Jana Bommersbach speaks on ‘My Secret Writing Tips’
Posted May 5, 2009on:
I first met Jana Bommersbach at the 2007 Phoenix College MicroBurst Writer’s Conference. She autographed her book, “The Trunk Murderess: Winnie Ruth Judd,” for me. In the afternoon, she spoke to us about her adventures as she gathered research material for the book and met and interviewed Winnie Ruth Judd. We all became so engrossed in her talk that the conference coordinators came to get us for the closing event of the day.
Jana Bommersbach arrived in her metallic green, Mustang convertible recently to speak at an event sponsored by the Arizona Press Women. I listened to Bommersbach speak about “My Secret Writing Tips.”
During her talk, the award-winning journalist, broadcaster, author and speaker shared tips for better writing. She used an analogy of the trees and the forest and said writers should tell the whole story and make sure all of the pieces are there. She encouraged writers to find a different perspective on a story or use a story already in the media, but show inside stories associated with it: show the trees for the forest.
After researching and gathering information, says Bommersbach, I have boxes of information. I could write a book for each story.
Bommersbach obtains some of the information from public records. She goes through everything and listens to videos and tapes and reads reports and documents in their entirety to discover information.
Bommersbach plans her story by asking what is the lead, and how do I find it and how do I express it? She makes a list of salacious things she knows, otherwise, she gets lost in the inventory of research information. She makes a list of important things and then asks, “How do I tell that story?” First she writes a lead and a kicker, so she knows exactly were she starts and exactly where she goes. She lays out all of the evidence.
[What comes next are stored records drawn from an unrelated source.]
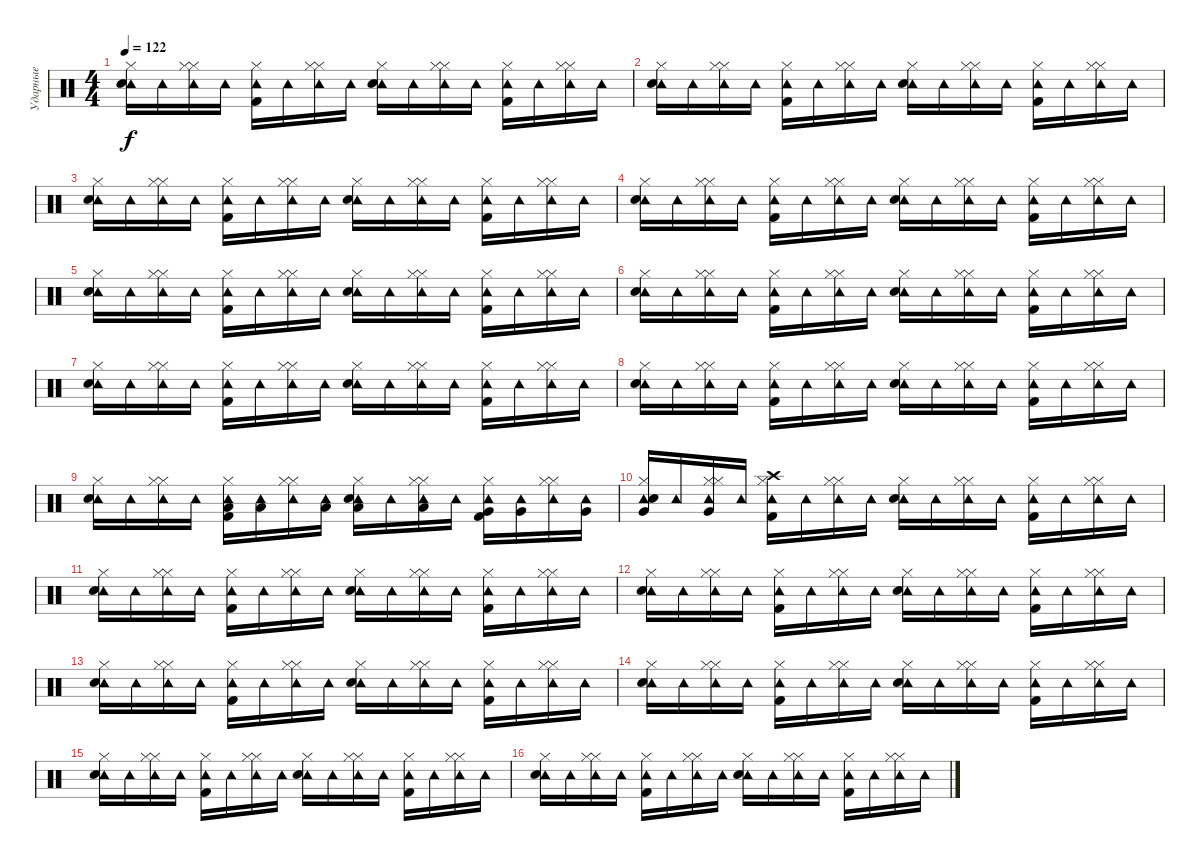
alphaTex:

\track ("Ударные" "Ударные") {instrument percussion}
\staff {score}
\articulation defaults
\ts (4 4)
\tempo 122
\clef neutral
\ks c
("Tambourine (hit)" "Hi-Hat (closed)" "Snare (hit) 2").16{dy f} "Tambourine (hit)".16 ("Tambourine (hit)" "Hi-Hat (closed)" "Hi-Hat (closed)").16 "Tambourine (hit)".16 ("Tambourine (hit)" "Hi-Hat (closed)" "Kick (hit) 2").16 "Tambourine (hit)".16 ("Tambourine (hit)" "Hi-Hat (closed)" "Hi-Hat (closed)").16 "Tambourine (hit)".16 ("Tambourine (hit)" "Hi-Hat (closed)" "Snare (hit) 2").16 "Tambourine (hit)".16 ("Tambourine (hit)" "Hi-Hat (closed)" "Hi-Hat (closed)").16 "Tambourine (hit)".16 ("Tambourine (hit)" "Hi-Hat (closed)" "Kick (hit) 2").16 "Tambourine (hit)".16 ("Tambourine (hit)" "Hi-Hat (closed)" "Hi-Hat (closed)").16 "Tambourine (hit)".16 |
("Tambourine (hit)" "Hi-Hat (closed)" "Snare (hit) 2").16 "Tambourine (hit)".16 ("Tambourine (hit)" "Hi-Hat (closed)" "Hi-Hat (closed)").16 "Tambourine (hit)".16 ("Tambourine (hit)" "Hi-Hat (closed)" "Kick (hit) 2").16 "Tambourine (hit)".16 ("Tambourine (hit)" "Hi-Hat (closed)" "Hi-Hat (closed)").16 "Tambourine (hit)".16 ("Tambourine (hit)" "Hi-Hat (closed)" "Snare (hit) 2").16 "Tambourine (hit)".16 ("Tambourine (hit)" "Hi-Hat (closed)" "Hi-Hat (closed)").16 "Tambourine (hit)".16 ("Tambourine (hit)" "Hi-Hat (closed)" "Kick (hit) 2").16 "Tambourine (hit)".16 ("Tambourine (hit)" "Hi-Hat (closed)" "Hi-Hat (closed)").16 "Tambourine (hit)".16 |
("Tambourine (hit)" "Hi-Hat (closed)" "Snare (hit) 2").16 "Tambourine (hit)".16 ("Tambourine (hit)" "Hi-Hat (closed)" "Hi-Hat (closed)").16 "Tambourine (hit)".16 ("Tambourine (hit)" "Hi-Hat (closed)" "Kick (hit) 2").16 "Tambourine (hit)".16 ("Tambourine (hit)" "Hi-Hat (closed)" "Hi-Hat (closed)").16 "Tambourine (hit)".16 ("Tambourine (hit)" "Hi-Hat (closed)" "Snare (hit) 2").16 "Tambourine (hit)".16 ("Tambourine (hit)" "Hi-Hat (closed)" "Hi-Hat (closed)").16 "Tambourine (hit)".16 ("Tambourine (hit)" "Hi-Hat (closed)" "Kick (hit) 2").16 "Tambourine (hit)".16 ("Tambourine (hit)" "Hi-Hat (closed)" "Hi-Hat (closed)").16 "Tambourine (hit)".16 |
("Tambourine (hit)" "Hi-Hat (closed)" "Snare (hit) 2").16 "Tambourine (hit)".16 ("Tambourine (hit)" "Hi-Hat (closed)" "Hi-Hat (closed)").16 "Tambourine (hit)".16 ("Tambourine (hit)" "Hi-Hat (closed)" "Kick (hit) 2").16 "Tambourine (hit)".16 ("Tambourine (hit)" "Hi-Hat (closed)" "Hi-Hat (closed)").16 "Tambourine (hit)".16 ("Tambourine (hit)" "Hi-Hat (closed)" "Snare (hit) 2").16 "Tambourine (hit)".16 ("Tambourine (hit)" "Hi-Hat (closed)" "Hi-Hat (closed)").16 "Tambourine (hit)".16 ("Tambourine (hit)" "Hi-Hat (closed)" "Kick (hit) 2").16 "Tambourine (hit)".16 ("Tambourine (hit)" "Hi-Hat (closed)" "Hi-Hat (closed)").16 "Tambourine (hit)".16 |
("Tambourine (hit)" "Hi-Hat (closed)" "Snare (hit) 2").16 "Tambourine (hit)".16 ("Tambourine (hit)" "Hi-Hat (closed)" "Hi-Hat (closed)").16 "Tambourine (hit)".16 ("Tambourine (hit)" "Hi-Hat (closed)" "Kick (hit) 2").16 "Tambourine (hit)".16 ("Tambourine (hit)" "Hi-Hat (closed)" "Hi-Hat (closed)").16 "Tambourine (hit)".16 ("Tambourine (hit)" "Hi-Hat (closed)" "Snare (hit) 2").16 "Tambourine (hit)".16 ("Tambourine (hit)" "Hi-Hat (closed)" "Hi-Hat (closed)").16 "Tambourine (hit)".16 ("Tambourine (hit)" "Hi-Hat (closed)" "Kick (hit) 2").16 "Tambourine (hit)".16 ("Tambourine (hit)" "Hi-Hat (closed)" "Hi-Hat (closed)").16 "Tambourine (hit)".16 |
("Tambourine (hit)" "Hi-Hat (closed)" "Snare (hit) 2").16 "Tambourine (hit)".16 ("Tambourine (hit)" "Hi-Hat (closed)" "Hi-Hat (closed)").16 "Tambourine (hit)".16 ("Tambourine (hit)" "Hi-Hat (closed)" "Kick (hit) 2").16 "Tambourine (hit)".16 ("Tambourine (hit)" "Hi-Hat (closed)" "Hi-Hat (closed)").16 "Tambourine (hit)".16 ("Tambourine (hit)" "Hi-Hat (closed)" "Snare (hit) 2").16 "Tambourine (hit)".16 ("Tambourine (hit)" "Hi-Hat (closed)" "Hi-Hat (closed)").16 "Tambourine (hit)".16 ("Tambourine (hit)" "Hi-Hat (closed)" "Kick (hit) 2").16 "Tambourine (hit)".16 ("Tambourine (hit)" "Hi-Hat (closed)" "Hi-Hat (closed)").16 "Tambourine (hit)".16 |
("Tambourine (hit)" "Hi-Hat (closed)" "Snare (hit) 2").16 "Tambourine (hit)".16 ("Tambourine (hit)" "Hi-Hat (closed)" "Hi-Hat (closed)").16 "Tambourine (hit)".16 ("Tambourine (hit)" "Hi-Hat (closed)" "Kick (hit) 2").16 "Tambourine (hit)".16 ("Tambourine (hit)" "Hi-Hat (closed)" "Hi-Hat (closed)").16 "Tambourine (hit)".16 ("Tambourine (hit)" "Hi-Hat (closed)" "Snare (hit) 2").16 "Tambourine (hit)".16 ("Tambourine (hit)" "Hi-Hat (closed)" "Hi-Hat (closed)").16 "Tambourine (hit)".16 ("Tambourine (hit)" "Hi-Hat (closed)" "Kick (hit) 2").16 "Tambourine (hit)".16 ("Tambourine (hit)" "Hi-Hat (closed)" "Hi-Hat (closed)").16 "Tambourine (hit)".16 |
("Tambourine (hit)" "Hi-Hat (closed)" "Snare (hit) 2").16 "Tambourine (hit)".16 ("Tambourine (hit)" "Hi-Hat (closed)" "Hi-Hat (closed)").16 "Tambourine (hit)".16 ("Tambourine (hit)" "Hi-Hat (closed)" "Kick (hit) 2").16 "Tambourine (hit)".16 ("Tambourine (hit)" "Hi-Hat (closed)" "Hi-Hat (closed)").16 "Tambourine (hit)".16 ("Tambourine (hit)" "Hi-Hat (closed)" "Snare (hit) 2").16 "Tambourine (hit)".16 ("Tambourine (hit)" "Hi-Hat (closed)" "Hi-Hat (closed)").16 "Tambourine (hit)".16 ("Tambourine (hit)" "Hi-Hat (closed)" "Kick (hit) 2").16 "Tambourine (hit)".16 ("Tambourine (hit)" "Hi-Hat (closed)" "Hi-Hat (closed)").16 "Tambourine (hit)".16 |
("Tambourine (hit)" "Hi-Hat (closed)" "Snare (hit) 2").16 "Tambourine (hit)".16 ("Tambourine (hit)" "Hi-Hat (closed)" "Hi-Hat (closed)").16 "Tambourine (hit)".16 ("Tambourine (hit)" "Low Tom (hit)" "Hi-Hat (closed)" "Kick (hit) 2").16 ("Tambourine (hit)" "Low Tom (hit)").16 ("Tambourine (hit)" "Hi-Hat (closed)" "Hi-Hat (closed)").16 ("Tambourine (hit)" "Low Tom (hit)").16 ("Tambourine (hit)" "Low Tom (hit)" "Hi-Hat (closed)" "Snare (hit) 2").16 "Tambourine (hit)".16 ("Tambourine (hit)" "Low Tom (hit)" "Hi-Hat (closed)" "Hi-Hat (closed)").16 "Tambourine (hit)".16 ("Tambourine (hit)" "Very Low Tom (hit)" "Hi-Hat (closed)" "Kick (hit) 2").16 ("Tambourine (hit)" "Very Low Tom (hit)").16 ("Tambourine (hit)" "Hi-Hat (closed)" "Hi-Hat (closed)").16 ("Tambourine (hit)" "Very Low Tom (hit)").16 |
("Tambourine (hit)" "Very Low Tom (hit)" "Hi-Hat (closed)" "Snare (hit) 2").16 "Tambourine (hit)".16 ("Tambourine (hit)" "Very Low Tom (hit)" "Hi-Hat (closed)" "Hi-Hat (closed)").16 "Tambourine (hit)".16 ("Crash high (hit)" "Tambourine (hit)" "Hi-Hat (closed)" "Kick (hit) 2").16 "Tambourine (hit)".16 ("Tambourine (hit)" "Hi-Hat (closed)" "Hi-Hat (closed)").16 "Tambourine (hit)".16 ("Tambourine (hit)" "Hi-Hat (closed)" "Snare (hit) 2").16 "Tambourine (hit)".16 ("Tambourine (hit)" "Hi-Hat (closed)" "Hi-Hat (closed)").16 "Tambourine (hit)".16 ("Tambourine (hit)" "Hi-Hat (closed)" "Kick (hit) 2").16 "Tambourine (hit)".16 ("Tambourine (hit)" "Hi-Hat (closed)" "Hi-Hat (closed)").16 "Tambourine (hit)".16 |
("Tambourine (hit)" "Hi-Hat (closed)" "Snare (hit) 2").16 "Tambourine (hit)".16 ("Tambourine (hit)" "Hi-Hat (closed)" "Hi-Hat (closed)").16 "Tambourine (hit)".16 ("Tambourine (hit)" "Hi-Hat (closed)" "Kick (hit) 2").16 "Tambourine (hit)".16 ("Tambourine (hit)" "Hi-Hat (closed)" "Hi-Hat (closed)").16 "Tambourine (hit)".16 ("Tambourine (hit)" "Hi-Hat (closed)" "Snare (hit) 2").16 "Tambourine (hit)".16 ("Tambourine (hit)" "Hi-Hat (closed)" "Hi-Hat (closed)").16 "Tambourine (hit)".16 ("Tambourine (hit)" "Hi-Hat (closed)" "Kick (hit) 2").16 "Tambourine (hit)".16 ("Tambourine (hit)" "Hi-Hat (closed)" "Hi-Hat (closed)").16 "Tambourine (hit)".16 |
("Tambourine (hit)" "Hi-Hat (closed)" "Snare (hit) 2").16 "Tambourine (hit)".16 ("Tambourine (hit)" "Hi-Hat (closed)" "Hi-Hat (closed)").16 "Tambourine (hit)".16 ("Tambourine (hit)" "Hi-Hat (closed)" "Kick (hit) 2").16 "Tambourine (hit)".16 ("Tambourine (hit)" "Hi-Hat (closed)" "Hi-Hat (closed)").16 "Tambourine (hit)".16 ("Tambourine (hit)" "Hi-Hat (closed)" "Snare (hit) 2").16 "Tambourine (hit)".16 ("Tambourine (hit)" "Hi-Hat (closed)" "Hi-Hat (closed)").16 "Tambourine (hit)".16 ("Tambourine (hit)" "Hi-Hat (closed)" "Kick (hit) 2").16 "Tambourine (hit)".16 ("Tambourine (hit)" "Hi-Hat (closed)" "Hi-Hat (closed)").16 "Tambourine (hit)".16 |
("Tambourine (hit)" "Hi-Hat (closed)" "Snare (hit) 2").16 "Tambourine (hit)".16 ("Tambourine (hit)" "Hi-Hat (closed)" "Hi-Hat (closed)").16 "Tambourine (hit)".16 ("Tambourine (hit)" "Hi-Hat (closed)" "Kick (hit) 2").16 "Tambourine (hit)".16 ("Tambourine (hit)" "Hi-Hat (closed)" "Hi-Hat (closed)").16 "Tambourine (hit)".16 ("Tambourine (hit)" "Hi-Hat (closed)" "Snare (hit) 2").16 "Tambourine (hit)".16 ("Tambourine (hit)" "Hi-Hat (closed)" "Hi-Hat (closed)").16 "Tambourine (hit)".16 ("Tambourine (hit)" "Hi-Hat (closed)" "Kick (hit) 2").16 "Tambourine (hit)".16 ("Tambourine (hit)" "Hi-Hat (closed)" "Hi-Hat (closed)").16 "Tambourine (hit)".16 |
("Tambourine (hit)" "Hi-Hat (closed)" "Snare (hit) 2").16 "Tambourine (hit)".16 ("Tambourine (hit)" "Hi-Hat (closed)" "Hi-Hat (closed)").16 "Tambourine (hit)".16 ("Tambourine (hit)" "Hi-Hat (closed)" "Kick (hit) 2").16 "Tambourine (hit)".16 ("Tambourine (hit)" "Hi-Hat (closed)" "Hi-Hat (closed)").16 "Tambourine (hit)".16 ("Tambourine (hit)" "Hi-Hat (closed)" "Snare (hit) 2").16 "Tambourine (hit)".16 ("Tambourine (hit)" "Hi-Hat (closed)" "Hi-Hat (closed)").16 "Tambourine (hit)".16 ("Tambourine (hit)" "Hi-Hat (closed)" "Kick (hit) 2").16 "Tambourine (hit)".16 ("Tambourine (hit)" "Hi-Hat (closed)" "Hi-Hat (closed)").16 "Tambourine (hit)".16 |
("Tambourine (hit)" "Hi-Hat (closed)" "Snare (hit) 2").16 "Tambourine (hit)".16 ("Tambourine (hit)" "Hi-Hat (closed)" "Hi-Hat (closed)").16 "Tambourine (hit)".16 ("Tambourine (hit)" "Hi-Hat (closed)" "Kick (hit) 2").16 "Tambourine (hit)".16 ("Tambourine (hit)" "Hi-Hat (closed)" "Hi-Hat (closed)").16 "Tambourine (hit)".16 ("Tambourine (hit)" "Hi-Hat (closed)" "Snare (hit) 2").16 "Tambourine (hit)".16 ("Tambourine (hit)" "Hi-Hat (closed)" "Hi-Hat (closed)").16 "Tambourine (hit)".16 ("Tambourine (hit)" "Hi-Hat (closed)" "Kick (hit) 2").16 "Tambourine (hit)".16 ("Tambourine (hit)" "Hi-Hat (closed)" "Hi-Hat (closed)").16 "Tambourine (hit)".16 |
("Tambourine (hit)" "Hi-Hat (closed)" "Snare (hit) 2").16 "Tambourine (hit)".16 ("Tambourine (hit)" "Hi-Hat (closed)" "Hi-Hat (closed)").16 "Tambourine (hit)".16 ("Tambourine (hit)" "Hi-Hat (closed)" "Kick (hit) 2").16 "Tambourine (hit)".16 ("Tambourine (hit)" "Hi-Hat (closed)" "Hi-Hat (closed)").16 "Tambourine (hit)".16 ("Tambourine (hit)" "Hi-Hat (closed)" "Snare (hit) 2").16 "Tambourine (hit)".16 ("Tambourine (hit)" "Hi-Hat (closed)" "Hi-Hat (closed)").16 "Tambourine (hit)".16 ("Tambourine (hit)" "Hi-Hat (closed)" "Kick (hit) 2").16 "Tambourine (hit)".16 ("Tambourine (hit)" "Hi-Hat (closed)" "Hi-Hat (closed)").16 "Tambourine (hit)".16

In determining the best way to tell the story, Bommersbach wants the reader to feel a sensory reaction to the story.
Other tactics Bommersbach uses include writing simple, declarative sentences, even long sentences; limiting the use of metaphors; and using valid analogies that make sense. As important as the lead and the kicker are to the story, Bommersbach emphasizes that the story should also end with an exclamation of a good summation or an emotional quote so the reader feels the story is done.
These were a few of the “secret writing tips” Bommersbach shared with the audience. After the talk, I purchased her newest book, “Bones in the Desert,” and requested her autograph.